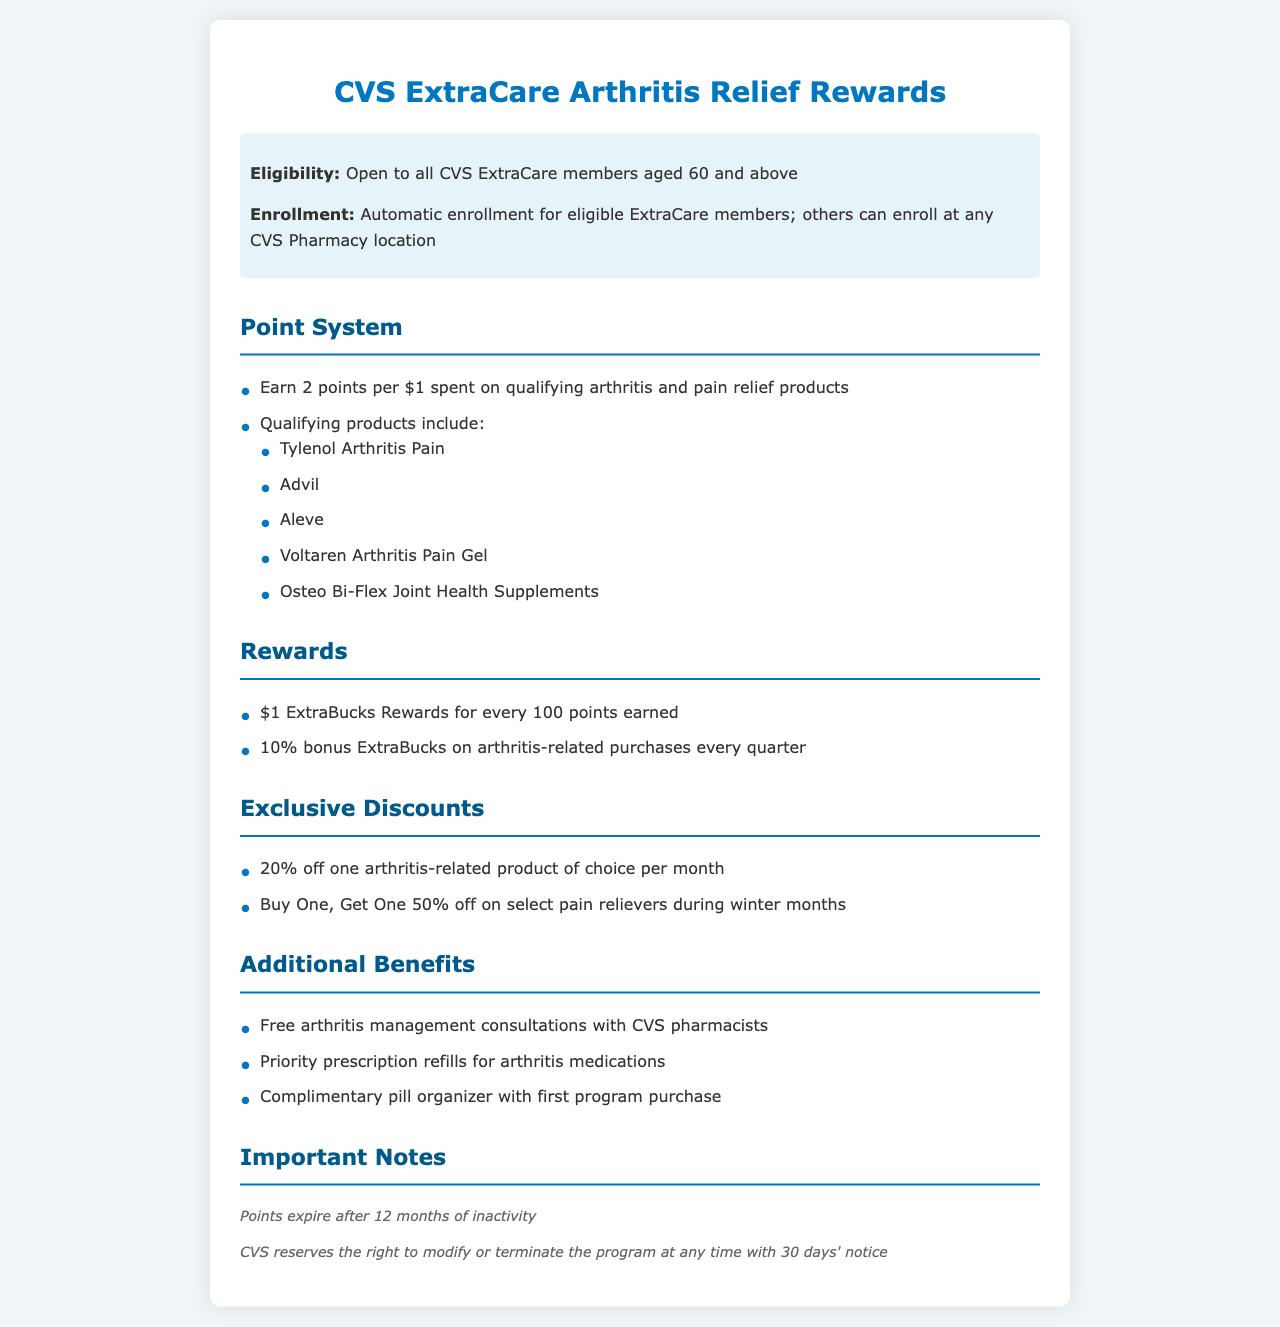What is the age eligibility for the program? The age eligibility for the program is stated as open to all CVS ExtraCare members aged 60 and above.
Answer: 60 How many points do you earn per dollar spent? The document specifies that you earn 2 points per $1 spent on qualifying arthritis and pain relief products.
Answer: 2 points What is the reward for every 100 points earned? The document states that you receive $1 ExtraBucks Rewards for every 100 points earned.
Answer: $1 How much discount is offered on one arthritis-related product each month? The document lists that there is a 20% off one arthritis-related product of choice per month.
Answer: 20% What bonus do you receive on arthritis-related purchases every quarter? The bonus specified in the document is 10% bonus ExtraBucks on arthritis-related purchases every quarter.
Answer: 10% What type of consultations are offered for free? The document mentions free arthritis management consultations with CVS pharmacists as part of the benefits.
Answer: Arthritis management consultations How long do points last without activity? According to the document, points expire after 12 months of inactivity.
Answer: 12 months What must you do to enroll if you are not an eligible member? The document states that others can enroll at any CVS Pharmacy location.
Answer: Enroll at any CVS Pharmacy location What is the policy on modifying or terminating the program? The document mentions that CVS reserves the right to modify or terminate the program at any time with 30 days' notice.
Answer: With 30 days' notice 
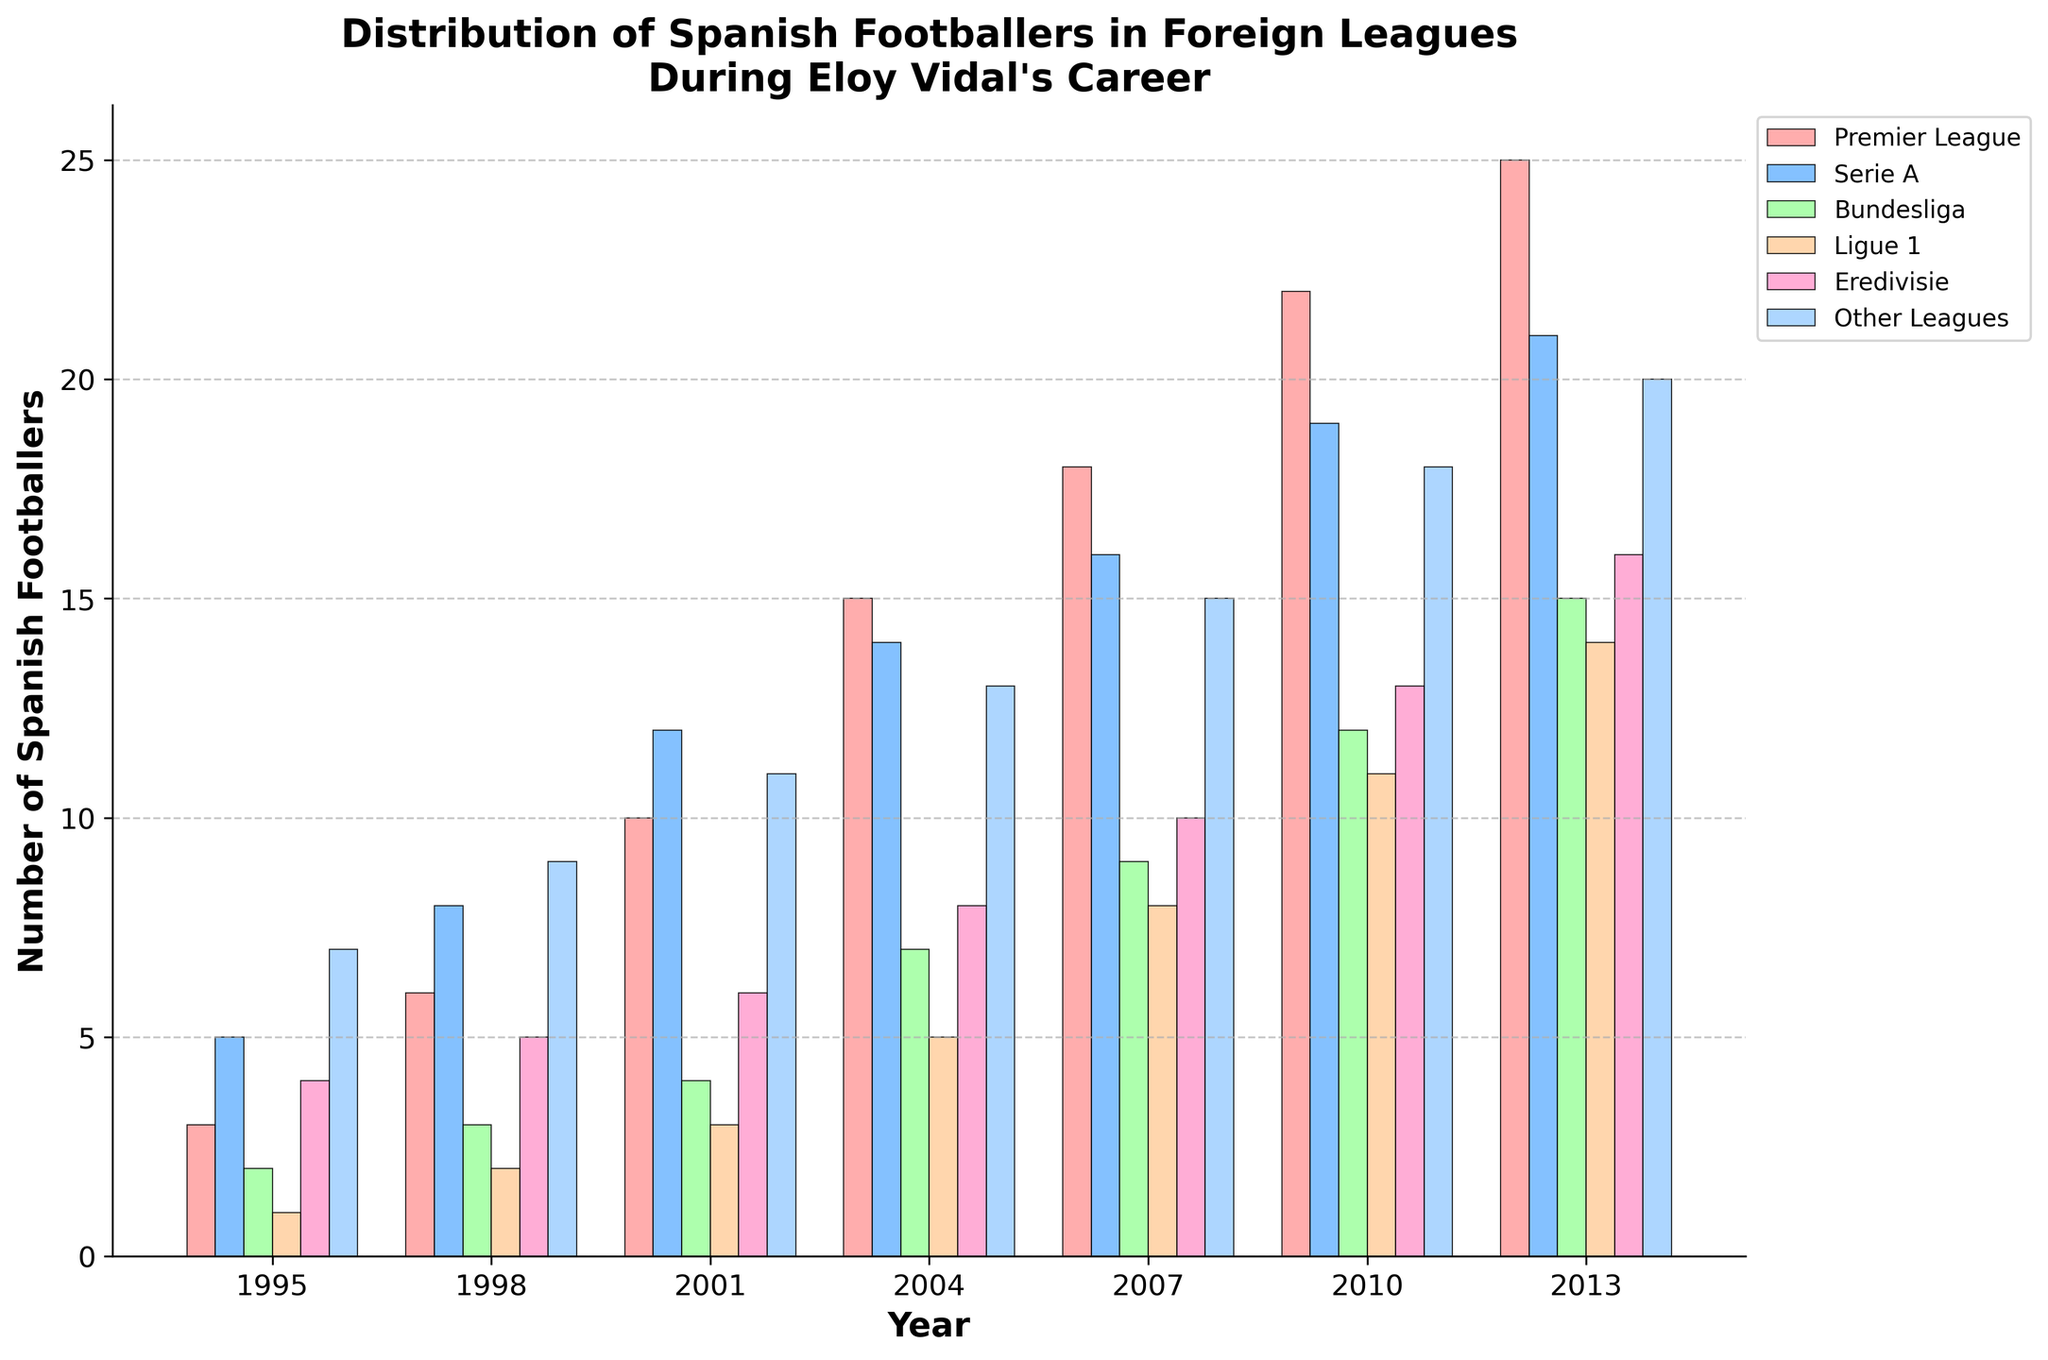Which year had the highest number of Spanish footballers in the Premier League? Look at the bars corresponding to the Premier League category and identify the tallest one. The tallest bar in the Premier League category is in the year 2013.
Answer: 2013 What was the total number of Spanish footballers across all leagues in 2007? Sum the number of Spanish footballers in each league for the year 2007. This includes Premier League (18), Serie A (16), Bundesliga (9), Ligue 1 (8), Eredivisie (10), and Other Leagues (15). The total is 18 + 16 + 9 + 8 + 10 + 15 = 76.
Answer: 76 Which league had the smallest increase in the number of Spanish footballers from 1995 to 2013? Determine the increase for each league by subtracting the counts in 1995 from those in 2013. The increases are Premier League (25-3=22), Serie A (21-5=16), Bundesliga (15-2=13), Ligue 1 (14-1=13), Eredivisie (16-4=12), Other Leagues (20-7=13). The smallest increase is in the Eredivisie.
Answer: Eredivisie In which year did the Bundesliga have exactly twice the number of Spanish footballers compared to the Premier League? Compare the number of Spanish footballers in the Premier League and Bundesliga year by year to find when Bundesliga was twice the Premier League. In 2001, Bundesliga had 4 players and Premier League had 10 (4 is not twice of 10). Therefore, no such year exists.
Answer: None During which year did the Ligue 1 have more than 10 Spanish footballers for the first time? Observe the numbers in Ligue 1 category and identify the first year when they exceed 10. That year is 2010, which had 11 Spanish footballers.
Answer: 2010 How many Spanish footballers played in Serie A and Ligue 1 combined in 2004? Add the number of Spanish footballers in Serie A and Ligue 1 for the year 2004. Serie A had 14 and Ligue 1 had 5. So, the total is 14 + 5 = 19.
Answer: 19 In which league and year did the number of Spanish footballers triple compared to 1995? Compare the numbers for each league from 1995 to all other years to see if they triple at any point. For example, in the Premier League, tripling 1995’s count (3) would be 9; it triples in 2001 (10). Similarly, Serie A from 1995 to 2004 (5 to 15).
Answer: Premier League in 2001, Serie A in 2004 How many years had more than 10 Spanish footballers in Eredivisie? Count the years where the number of Spanish footballers in Eredivisie exceeded 10. For Eredivisie, these are 2010 (13) and 2013 (16).
Answer: 2 
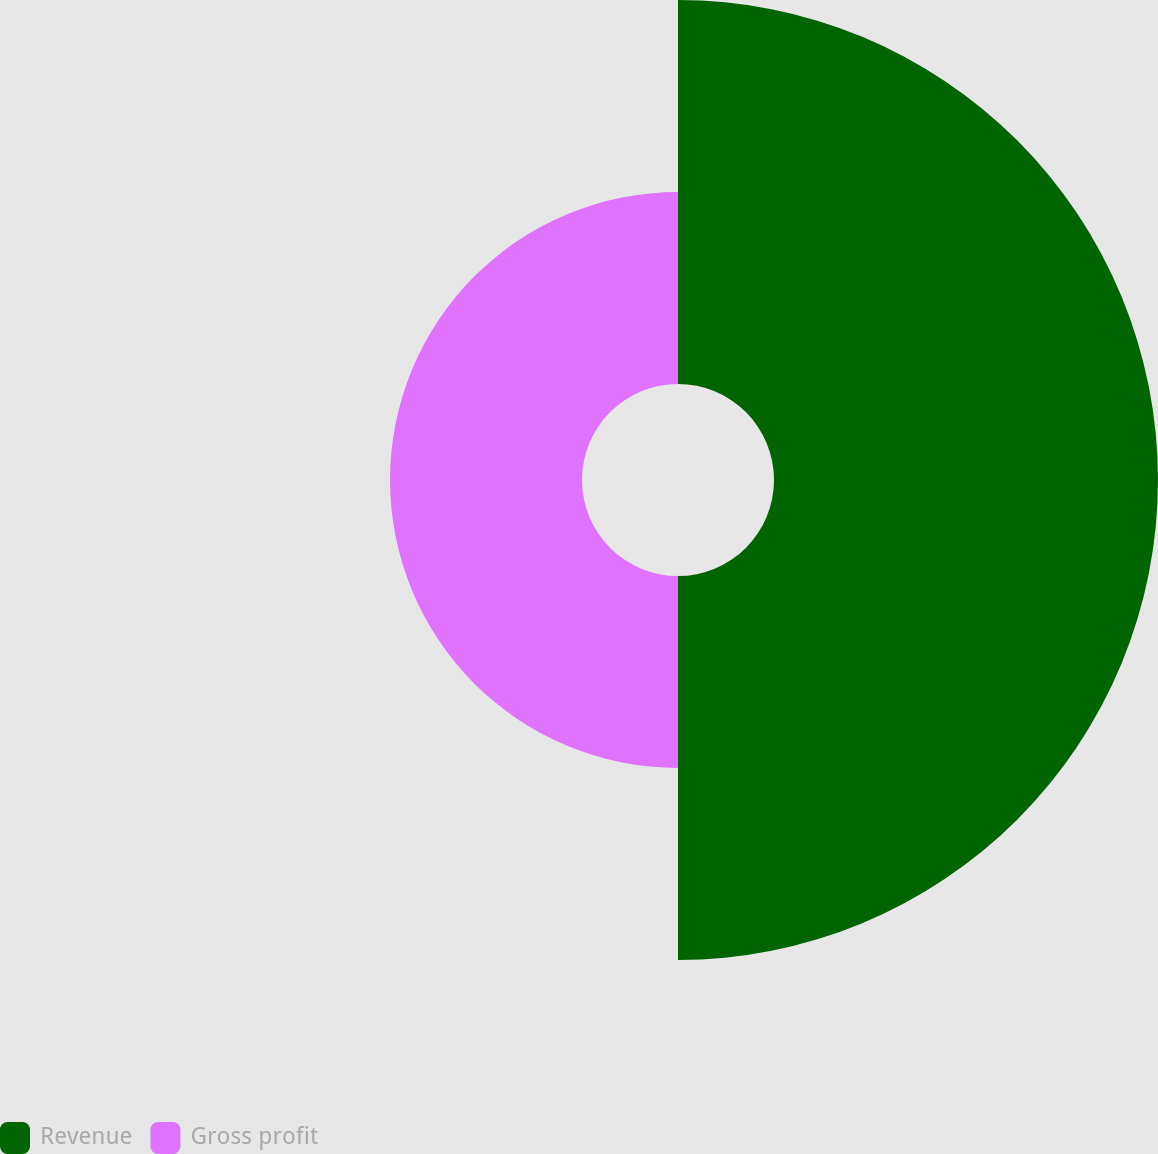Convert chart. <chart><loc_0><loc_0><loc_500><loc_500><pie_chart><fcel>Revenue<fcel>Gross profit<nl><fcel>66.67%<fcel>33.33%<nl></chart> 
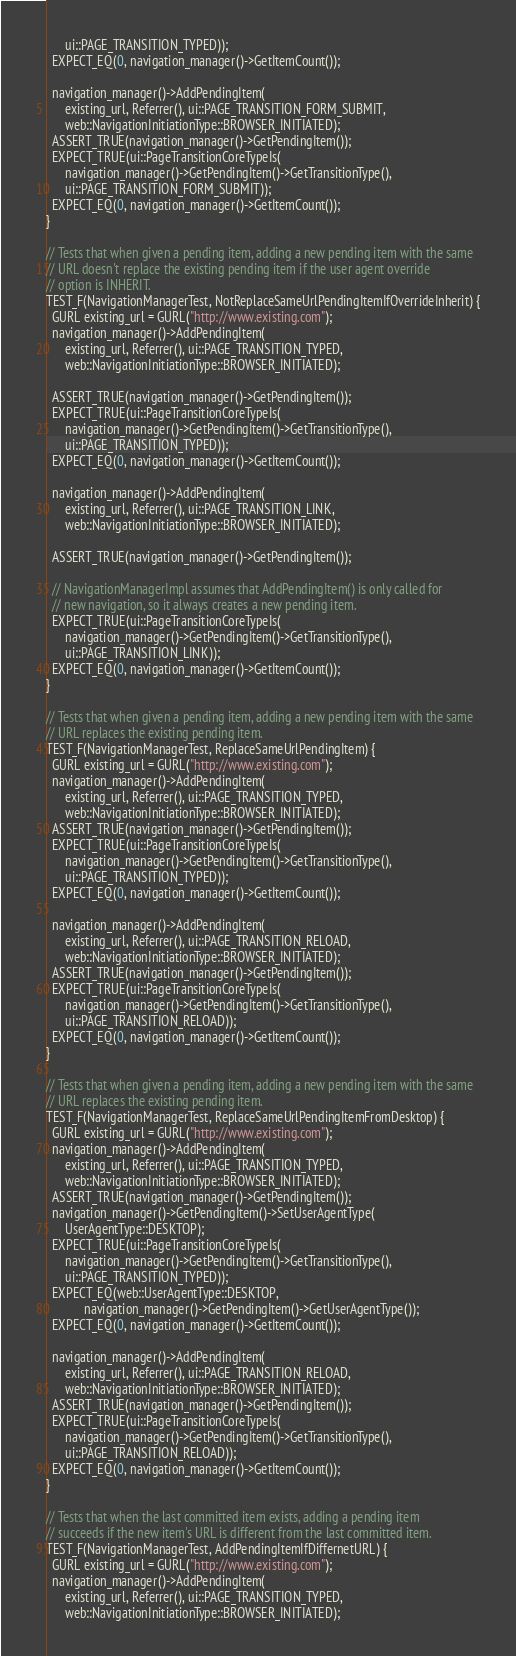<code> <loc_0><loc_0><loc_500><loc_500><_ObjectiveC_>      ui::PAGE_TRANSITION_TYPED));
  EXPECT_EQ(0, navigation_manager()->GetItemCount());

  navigation_manager()->AddPendingItem(
      existing_url, Referrer(), ui::PAGE_TRANSITION_FORM_SUBMIT,
      web::NavigationInitiationType::BROWSER_INITIATED);
  ASSERT_TRUE(navigation_manager()->GetPendingItem());
  EXPECT_TRUE(ui::PageTransitionCoreTypeIs(
      navigation_manager()->GetPendingItem()->GetTransitionType(),
      ui::PAGE_TRANSITION_FORM_SUBMIT));
  EXPECT_EQ(0, navigation_manager()->GetItemCount());
}

// Tests that when given a pending item, adding a new pending item with the same
// URL doesn't replace the existing pending item if the user agent override
// option is INHERIT.
TEST_F(NavigationManagerTest, NotReplaceSameUrlPendingItemIfOverrideInherit) {
  GURL existing_url = GURL("http://www.existing.com");
  navigation_manager()->AddPendingItem(
      existing_url, Referrer(), ui::PAGE_TRANSITION_TYPED,
      web::NavigationInitiationType::BROWSER_INITIATED);

  ASSERT_TRUE(navigation_manager()->GetPendingItem());
  EXPECT_TRUE(ui::PageTransitionCoreTypeIs(
      navigation_manager()->GetPendingItem()->GetTransitionType(),
      ui::PAGE_TRANSITION_TYPED));
  EXPECT_EQ(0, navigation_manager()->GetItemCount());

  navigation_manager()->AddPendingItem(
      existing_url, Referrer(), ui::PAGE_TRANSITION_LINK,
      web::NavigationInitiationType::BROWSER_INITIATED);

  ASSERT_TRUE(navigation_manager()->GetPendingItem());

  // NavigationManagerImpl assumes that AddPendingItem() is only called for
  // new navigation, so it always creates a new pending item.
  EXPECT_TRUE(ui::PageTransitionCoreTypeIs(
      navigation_manager()->GetPendingItem()->GetTransitionType(),
      ui::PAGE_TRANSITION_LINK));
  EXPECT_EQ(0, navigation_manager()->GetItemCount());
}

// Tests that when given a pending item, adding a new pending item with the same
// URL replaces the existing pending item.
TEST_F(NavigationManagerTest, ReplaceSameUrlPendingItem) {
  GURL existing_url = GURL("http://www.existing.com");
  navigation_manager()->AddPendingItem(
      existing_url, Referrer(), ui::PAGE_TRANSITION_TYPED,
      web::NavigationInitiationType::BROWSER_INITIATED);
  ASSERT_TRUE(navigation_manager()->GetPendingItem());
  EXPECT_TRUE(ui::PageTransitionCoreTypeIs(
      navigation_manager()->GetPendingItem()->GetTransitionType(),
      ui::PAGE_TRANSITION_TYPED));
  EXPECT_EQ(0, navigation_manager()->GetItemCount());

  navigation_manager()->AddPendingItem(
      existing_url, Referrer(), ui::PAGE_TRANSITION_RELOAD,
      web::NavigationInitiationType::BROWSER_INITIATED);
  ASSERT_TRUE(navigation_manager()->GetPendingItem());
  EXPECT_TRUE(ui::PageTransitionCoreTypeIs(
      navigation_manager()->GetPendingItem()->GetTransitionType(),
      ui::PAGE_TRANSITION_RELOAD));
  EXPECT_EQ(0, navigation_manager()->GetItemCount());
}

// Tests that when given a pending item, adding a new pending item with the same
// URL replaces the existing pending item.
TEST_F(NavigationManagerTest, ReplaceSameUrlPendingItemFromDesktop) {
  GURL existing_url = GURL("http://www.existing.com");
  navigation_manager()->AddPendingItem(
      existing_url, Referrer(), ui::PAGE_TRANSITION_TYPED,
      web::NavigationInitiationType::BROWSER_INITIATED);
  ASSERT_TRUE(navigation_manager()->GetPendingItem());
  navigation_manager()->GetPendingItem()->SetUserAgentType(
      UserAgentType::DESKTOP);
  EXPECT_TRUE(ui::PageTransitionCoreTypeIs(
      navigation_manager()->GetPendingItem()->GetTransitionType(),
      ui::PAGE_TRANSITION_TYPED));
  EXPECT_EQ(web::UserAgentType::DESKTOP,
            navigation_manager()->GetPendingItem()->GetUserAgentType());
  EXPECT_EQ(0, navigation_manager()->GetItemCount());

  navigation_manager()->AddPendingItem(
      existing_url, Referrer(), ui::PAGE_TRANSITION_RELOAD,
      web::NavigationInitiationType::BROWSER_INITIATED);
  ASSERT_TRUE(navigation_manager()->GetPendingItem());
  EXPECT_TRUE(ui::PageTransitionCoreTypeIs(
      navigation_manager()->GetPendingItem()->GetTransitionType(),
      ui::PAGE_TRANSITION_RELOAD));
  EXPECT_EQ(0, navigation_manager()->GetItemCount());
}

// Tests that when the last committed item exists, adding a pending item
// succeeds if the new item's URL is different from the last committed item.
TEST_F(NavigationManagerTest, AddPendingItemIfDiffernetURL) {
  GURL existing_url = GURL("http://www.existing.com");
  navigation_manager()->AddPendingItem(
      existing_url, Referrer(), ui::PAGE_TRANSITION_TYPED,
      web::NavigationInitiationType::BROWSER_INITIATED);
</code>

> Required work
Look through the data and show every line containing "many".

> Problem solution
Answer: 60 How many points do you earn per dollar spent? The document specifies that you earn 2 points per $1 spent on qualifying arthritis and pain relief products.
Answer: 2010 How many Spanish footballers played in Serie A and Ligue 1 combined in 2004? Add the number of Spanish footballers in Serie A and Ligue 1 for the year 2004. Serie A had 14 and Ligue 1 had 5. So, the total is 14 + 5 = 19.
Answer: Premier League in 2001, Serie A in 2004 How many years had more than 10 Spanish footballers in Eredivisie? Count the years where the number of Spanish footballers in Eredivisie exceeded 10. For Eredivisie, these are 2010 (13) and 2013 (16).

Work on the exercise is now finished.